L'autorità ha già avviato la ricognizione per arrivare a
stabilire, entro luglio come previsto dalla manovra dell'estate
scorsa targata Tremonti, "un'elaborazione dei prezzi di
riferimento", in attesa che entrino a regime i costi standard
(che dovrebbero arrivare dal 2013, anche se ancora non sono
state individuate le Regioni benchmark). Nel frattempo
arriveranno queste indicazioni, e, come ha sottolineato Balduzzi
"chi si scosterà pagherà dazio".
Ma sotto la lente dei tecnici non ci sono solo spesa
farmaceutica (che, si fa notare, ormai tutte le Regioni
gestiscono in modo centralizzato) o quella per l'acquisto dei
dispositivi medici, che allo stesso modo in molte Regioni
avvengono ormai con il sistema delle centrali d'acquisto. La
parte più cospicua sotto osservazione riguarda l'acquisto dei
cosiddetti servizi non sanitari (voce che rappresenta circa il
30% della spesa) come pulizie, mense, lavanderie, rifiuti.
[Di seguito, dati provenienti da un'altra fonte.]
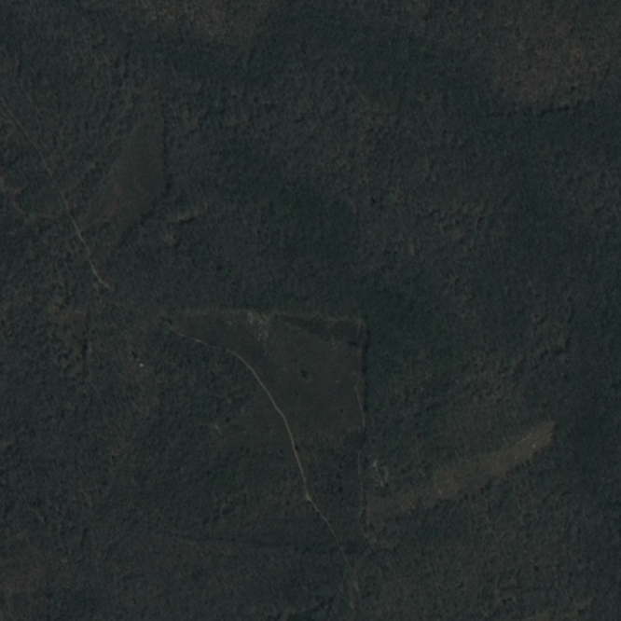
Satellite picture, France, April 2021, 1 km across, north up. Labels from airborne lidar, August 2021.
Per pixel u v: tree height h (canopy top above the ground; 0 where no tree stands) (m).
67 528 14
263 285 13
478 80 20
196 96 10
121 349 16
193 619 13
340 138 12
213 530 9
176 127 13
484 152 18
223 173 14
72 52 11
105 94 8
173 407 12
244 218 13
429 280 14
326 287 15
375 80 13
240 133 12
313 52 10
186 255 11
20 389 10
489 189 13
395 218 14
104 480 8
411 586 15
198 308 15
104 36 12
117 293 12
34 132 15
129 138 6
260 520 8
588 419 20
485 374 11
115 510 8
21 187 14
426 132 11
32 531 12
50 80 13
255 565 20
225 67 17
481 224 11
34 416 8
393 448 15
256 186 14
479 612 7
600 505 13
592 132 16
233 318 0
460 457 11
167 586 14
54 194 12
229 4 11
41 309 7
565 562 5
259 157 15
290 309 17
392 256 11
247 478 6
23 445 8
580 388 18
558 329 15
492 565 11
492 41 11
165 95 12
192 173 13
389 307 15
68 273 12
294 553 12
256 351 0
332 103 11
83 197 8
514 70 9
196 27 9
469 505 8
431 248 12
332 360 0
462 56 15
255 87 9
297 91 10
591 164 14
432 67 18
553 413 14
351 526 9
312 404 0
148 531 12
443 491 0
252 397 9
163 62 13
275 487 9
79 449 10
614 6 9
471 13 8
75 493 14
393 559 15
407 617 9
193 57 16
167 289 15
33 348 8
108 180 10
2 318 9
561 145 16
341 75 9
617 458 15
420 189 10
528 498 10
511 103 10
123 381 11
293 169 11
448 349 12
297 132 12
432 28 11
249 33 9
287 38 18
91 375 11
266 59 18
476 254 12
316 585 16
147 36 22
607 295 17
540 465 13
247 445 0
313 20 20
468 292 12
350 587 15
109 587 12
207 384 9
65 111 18
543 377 15
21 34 13
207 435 9
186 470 10
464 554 9
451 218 8
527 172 21
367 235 16
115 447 13
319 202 15
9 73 9
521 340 12
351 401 0
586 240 19
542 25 8
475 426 11
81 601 11
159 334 14
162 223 15
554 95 6
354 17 19
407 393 8
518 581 8
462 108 19
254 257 14
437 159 10
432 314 15
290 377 0
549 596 12
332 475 8
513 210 18
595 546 10
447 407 12
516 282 12
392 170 10
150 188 0
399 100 12
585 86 10
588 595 9
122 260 15
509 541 11
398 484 10
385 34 16
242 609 14
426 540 13
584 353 16
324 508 10

Settori tutti dati in appalto da Asl e ospedali e sui quali
ognuno va sostanzialmente per conto suo.
Nel frattempo, sempre con un occhio alla 'spending review'
potrebbe arrivare anche la riforma dei ticket, dai quali
attualmente è esente un italiano su due. Una "proposta
compiuta" sta per essere presentata, e punterà a sostituire al
sistema dei ticket a franchigia sulla base del reddito, ha
confermato Balduzzi. Ipotesi circolata nelle scorse settimane
dopo la diffusione di uno studio, sempre dell'Agenas, sulla
possibilità di introdurre una soglia al 3 per mille del reddito
lordo, che si tradurrebbe ad esempio in 30 euro l'anno per un
pensionato con 10mila euro di reddito, per arrivare a 300 euro
l'anno per un reddito di 100mila euro. Così, ha spiegato il
ministro, si potrebbe "potenziare l'equità nel campo della
compartecipazione" alla spesa da parte dei cittadini, perché
ciascuno pagherebbe "fino a una certa soglia, modulata sul
reddito" superata la quale il servizio sanitario si farebbe
"carico di tutto".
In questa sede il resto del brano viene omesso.